Denote by \(\mathbb{H}^n\) the Heisenberg group, the set \(\mathbb{R}\times\mathbb{R}^{2n}\) equipped with the following non-commutative group operation: for all \((u,x), (v,y)\in\mathbb{H}^n\), \[ (u,x)\cdot (v,y):=(u+v+x^TBy,x+y). \] Here, \(B:=\begin{pmatrix}0&-bI_n\\ bI_n&0\end{pmatrix}\) for some \(b\neq 0\) (one typically choose \(b=1/2\)). For \(\mu_1\equiv\mu\), the normalized surface measure on \(\{0\}\times\mathbb{S}^{2n-1}\), let \(\mu_t\) denote its dilation supported on \(t\mathbb{S}^{2n-1}\). For a function \(f:\mathbb{H}^n\rightarrow\mathbb{C}\), one may formally define its spherical means as \[ f\ast\mu_t(u,x):=\int_{\mathbb{S}^{2n-1}}\!f(u-tx^TBy,x-ty)\,d\mu(y) \] and its spherical maximal function as \[ Mf(u,x):=\sup_{t>0}|f\ast\mu_t(u,x)|. \] In this paper, the authors complement known \(L^p\)-boundedness results for \(M\) on \(\mathbb{H}^n\), \(n\geq{2}\), by initiating the study of the case \(n=1\), where currently nothing is known for any \(p<\infty\). For \(2<p\leq\infty\), they show the existence of a constant \(C_p\), depending only on \(p\), such that \[ \|Mf\|_{L^p(\mathbb{H}^1)}\leq C_p\|f\|_{L^p(\mathbb{H}^1)} \] for all \(\mathbb{H}\)-radial functions \(f\) on \(\mathbb{H}^1\). A function \(f:\mathbb{H}^1\rightarrow\mathbb{C}\) is said to be \(\mathbb{H}\)-radial if \(f(u,Rx)=f(u,x)\) for all \((u,x)\in\mathbb{H}^1\) and all \(R\) belonging to the special orthogonal group, \(SO(2)\). Equivalently, \(f\) is \(\mathbb{H}\)-radial if and only if there exists some function \(f_0:\mathbb{R}\times[0,\infty)\rightarrow\mathbb{C}\) such that \(f(u,x)=f_0(u,|x|)\) for all \((u,x)\in\mathbb{H}^1\).

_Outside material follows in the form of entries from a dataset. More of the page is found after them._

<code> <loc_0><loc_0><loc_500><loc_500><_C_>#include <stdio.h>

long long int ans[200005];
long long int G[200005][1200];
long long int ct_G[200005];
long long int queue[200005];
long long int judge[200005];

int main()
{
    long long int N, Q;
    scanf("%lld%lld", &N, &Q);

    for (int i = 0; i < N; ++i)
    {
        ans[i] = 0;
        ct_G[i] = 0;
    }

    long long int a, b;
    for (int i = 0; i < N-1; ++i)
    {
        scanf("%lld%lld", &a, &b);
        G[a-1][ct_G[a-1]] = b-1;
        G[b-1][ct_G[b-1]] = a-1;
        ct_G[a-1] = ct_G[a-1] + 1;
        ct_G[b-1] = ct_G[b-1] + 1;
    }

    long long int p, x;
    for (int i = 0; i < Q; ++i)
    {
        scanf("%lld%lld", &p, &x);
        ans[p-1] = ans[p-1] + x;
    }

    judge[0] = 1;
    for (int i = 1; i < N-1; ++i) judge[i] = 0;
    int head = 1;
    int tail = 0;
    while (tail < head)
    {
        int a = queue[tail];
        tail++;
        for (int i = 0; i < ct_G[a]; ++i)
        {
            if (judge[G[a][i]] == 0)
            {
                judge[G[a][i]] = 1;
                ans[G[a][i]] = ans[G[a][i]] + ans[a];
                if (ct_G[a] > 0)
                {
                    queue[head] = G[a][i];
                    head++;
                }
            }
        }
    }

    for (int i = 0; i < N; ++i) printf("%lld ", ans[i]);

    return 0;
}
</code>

The authors accomplish this by reducing the problem to studying the boundedness of a maximal function given by \(\sup_{t>0} |A_tf|\), where \(\{A_t\}\) are non-convolution averaging operators on \(\mathbb{R}^2\). While the reduction is not difficult, the associated curve distribution has vanishing rotational and cinematic curvatures, precluding the straightforward application of the standard techniques used to study the Euclidean spherical maximal function. A significant portion of this paper is spent overcoming these challenges, along the way performing an \(L^2\) analysis of two-parameter oscillatory integrals with two-sided fold singularities.
The appendices contain, among other things, a discussion of the use of repeated integration by parts often seen when studying oscillatory integrals.